(Records from a data source)

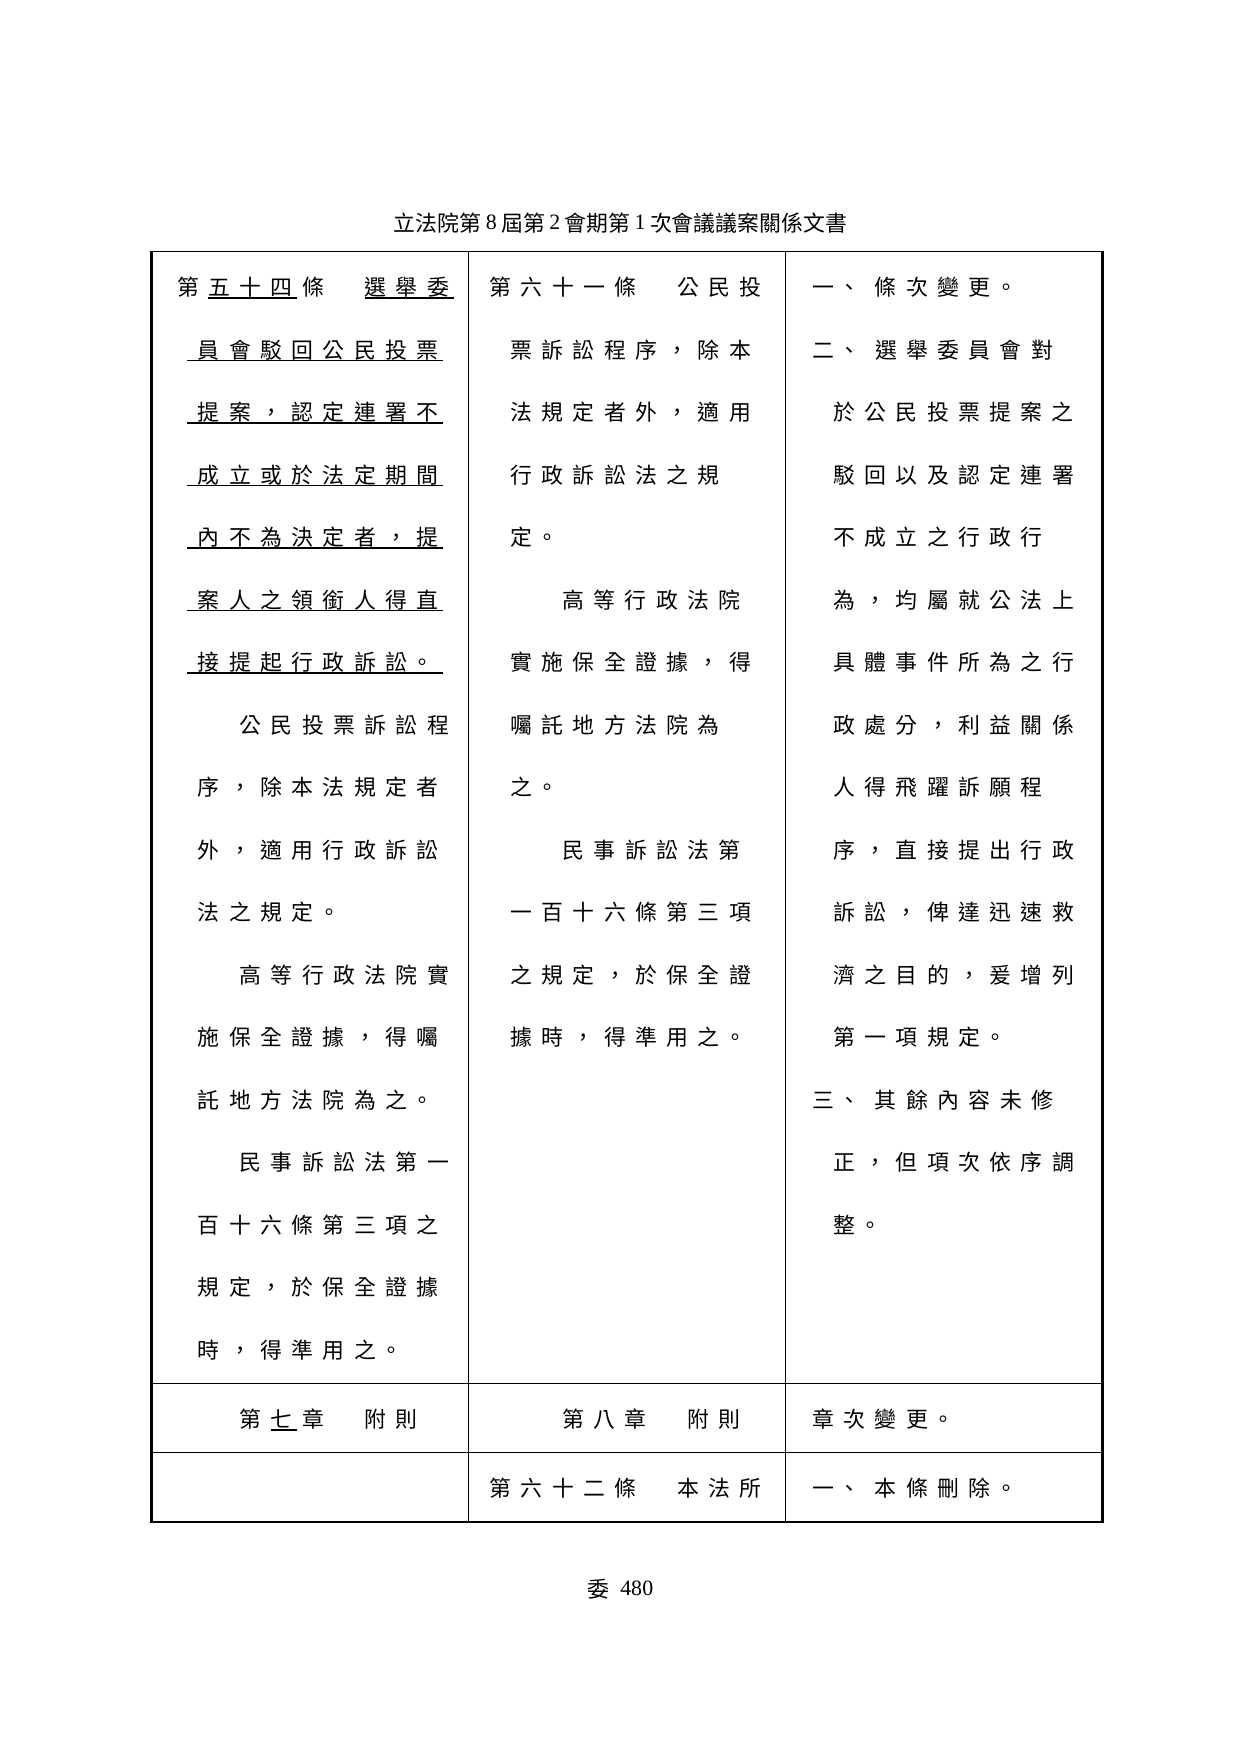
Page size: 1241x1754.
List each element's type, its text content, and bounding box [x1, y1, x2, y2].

table_cell [153, 1453, 468, 1521]
table_cell 章次變更。 [786, 1384, 1101, 1452]
table_cell 第六十二條 本法所 [469, 1453, 785, 1521]
table_cell 一、條次變更。 二、選舉委員會對於公民投票提案之駁回以及認定連署不成立之行政行為，均屬就公法上具體事件所為之行政處分，利益關係人得飛躍訴願程序，直接提出行政訴訟，俾達迅速救濟之目的，爰增列第一項規定。 三、其餘內容未修正，但項次依序調整。 [786, 252, 1101, 1383]
table_cell 第六十一條 公民投票訴訟程序，除本法規定者外，適用行政訴訟法之規定。 高等行政法院實施保全證據，得囑託地方法院為之。 民事訴訟法第一百十六條第三項之規定，於保全證據時，得準用之。 [469, 252, 785, 1383]
table_cell 第八章 附則 [469, 1384, 785, 1452]
table_cell 第五十四條 選舉委員會駁回公民投票提案，認定連署不成立或於法定期間內不為決定者，提案人之領銜人得直接提起行政訴訟。 公民投票訴訟程序，除本法規定者外，適用行政訴訟法之規定。 高等行政法院實施保全證據，得囑託地方法院為之。 民事訴訟法第一百十六條第三項之規定，於保全證據時，得準用之。 [153, 252, 468, 1383]
table_cell 一、本條刪除。 [786, 1453, 1101, 1521]
table_cell 第七章 附則 [153, 1384, 468, 1452]
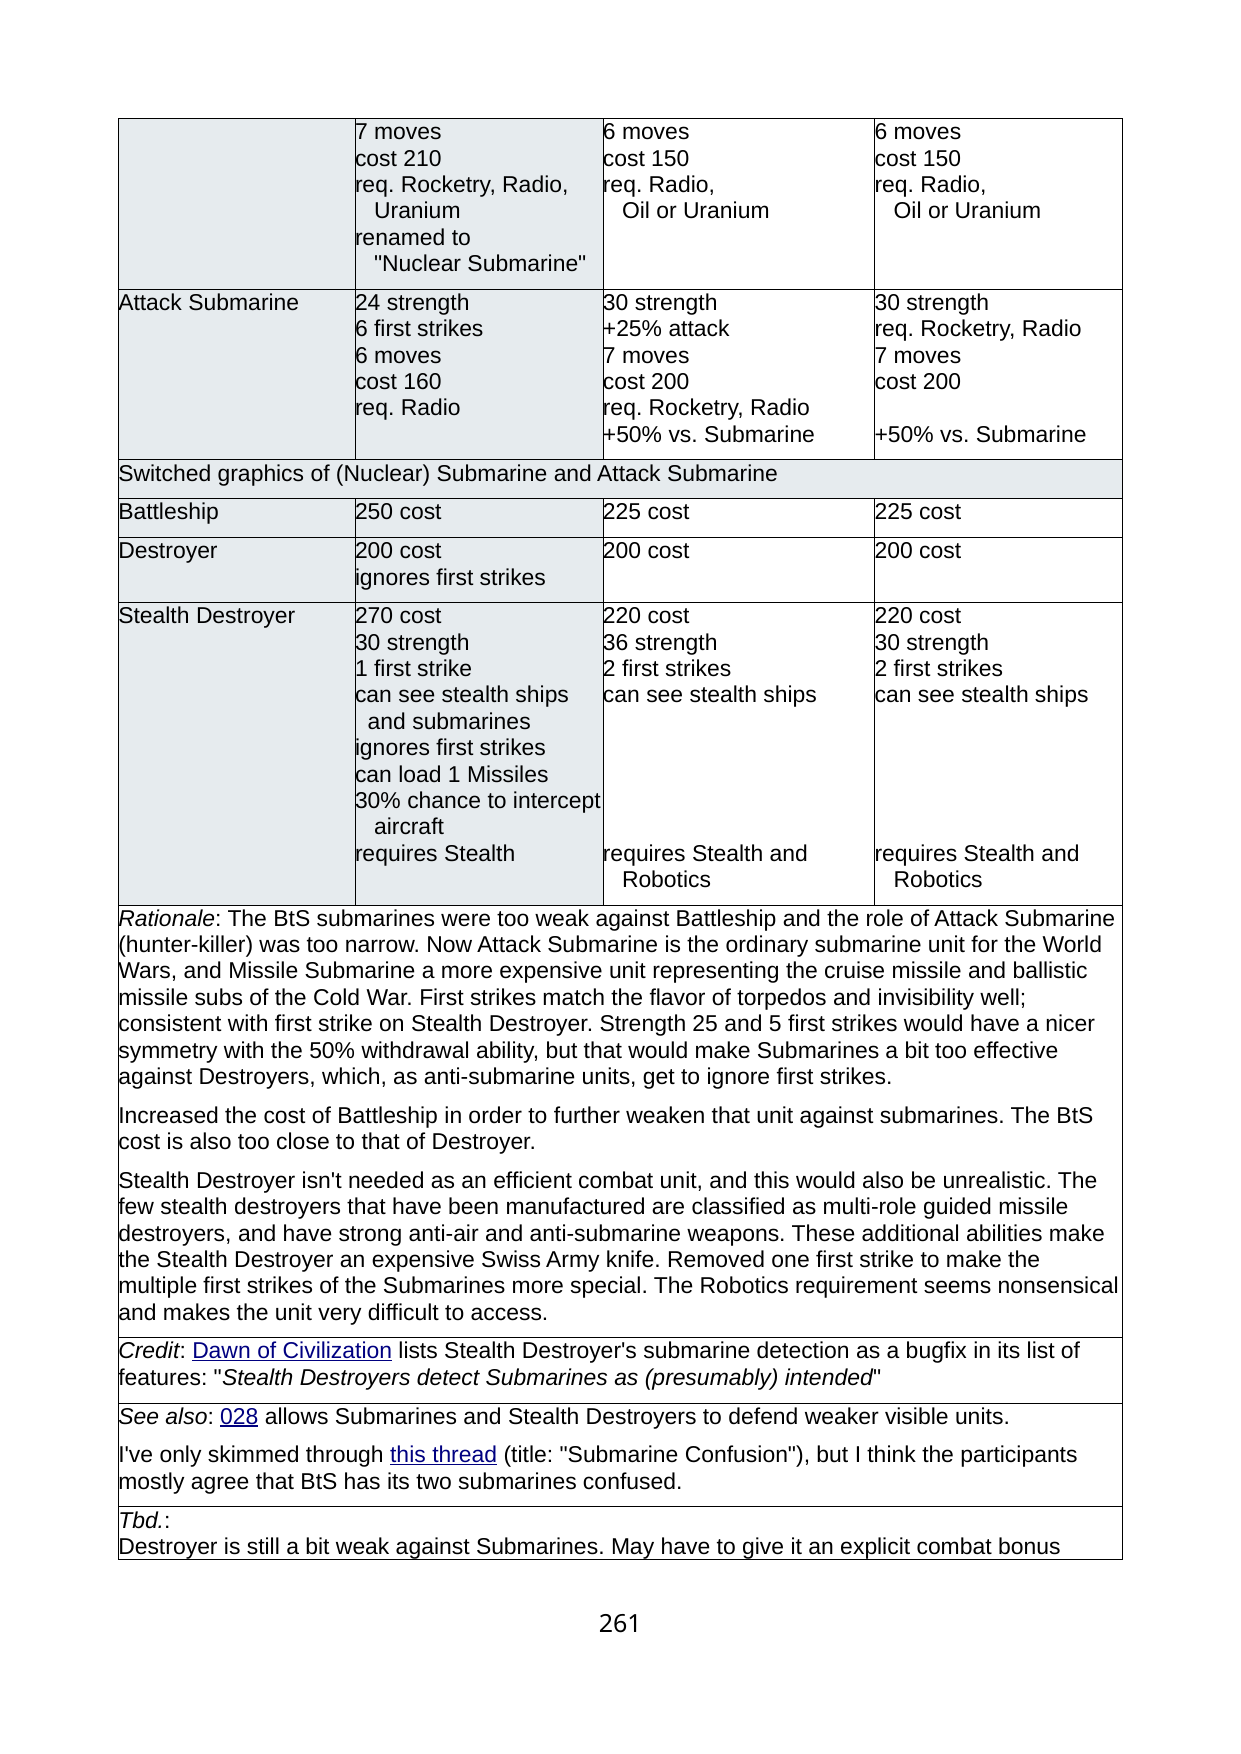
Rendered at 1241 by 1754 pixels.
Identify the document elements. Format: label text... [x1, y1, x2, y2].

WORK ORDER
Give the entries above again word for word, without any pictures.

THE ANSWER
Page size: 1241x1754.
List each element's type, its text content, and bounding box [x1, y1, x2, y2].

table_cell [153, 1453, 468, 1521]
table_cell 章次變更。 [786, 1384, 1101, 1452]
table_cell 第六十二條 本法所 [469, 1453, 785, 1521]
table_cell 一、條次變更。 二、選舉委員會對於公民投票提案之駁回以及認定連署不成立之行政行為，均屬就公法上具體事件所為之行政處分，利益關係人得飛躍訴願程序，直接提出行政訴訟，俾達迅速救濟之目的，爰增列第一項規定。 三、其餘內容未修正，但項次依序調整。 [786, 252, 1101, 1383]
table_cell 第六十一條 公民投票訴訟程序，除本法規定者外，適用行政訴訟法之規定。 高等行政法院實施保全證據，得囑託地方法院為之。 民事訴訟法第一百十六條第三項之規定，於保全證據時，得準用之。 [469, 252, 785, 1383]
table_cell 第八章 附則 [469, 1384, 785, 1452]
table_cell 第五十四條 選舉委員會駁回公民投票提案，認定連署不成立或於法定期間內不為決定者，提案人之領銜人得直接提起行政訴訟。 公民投票訴訟程序，除本法規定者外，適用行政訴訟法之規定。 高等行政法院實施保全證據，得囑託地方法院為之。 民事訴訟法第一百十六條第三項之規定，於保全證據時，得準用之。 [153, 252, 468, 1383]
table_cell 一、本條刪除。 [786, 1453, 1101, 1521]
table_cell 第七章 附則 [153, 1384, 468, 1452]
Rendered at 1241 by 1754 pixels.
Identify the document elements. Format: label text... [x1, y1, x2, y2].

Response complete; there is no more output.